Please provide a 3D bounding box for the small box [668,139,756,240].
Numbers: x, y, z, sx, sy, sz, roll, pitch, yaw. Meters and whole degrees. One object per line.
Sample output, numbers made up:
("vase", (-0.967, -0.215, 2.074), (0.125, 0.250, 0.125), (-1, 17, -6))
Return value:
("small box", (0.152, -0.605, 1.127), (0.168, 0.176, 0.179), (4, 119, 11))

→ **WORK ITEM**
In the listing above, find the line containing "Numbers: x, y, z, sx, sy, sz, roll, pitch, yaw.", then reproduce it and each line after it through the end, exactly and with nothing added.

→ **RESULT FOR THIS TASK**
Numbers: x, y, z, sx, sy, sz, roll, pitch, yaw. Meters and whole degrees. One object per line.
Sample output, numbers made up:
("vase", (-0.967, -0.215, 2.074), (0.125, 0.250, 0.125), (-1, 17, -6))
Return value:
("small box", (0.152, -0.605, 1.127), (0.168, 0.176, 0.179), (4, 119, 11))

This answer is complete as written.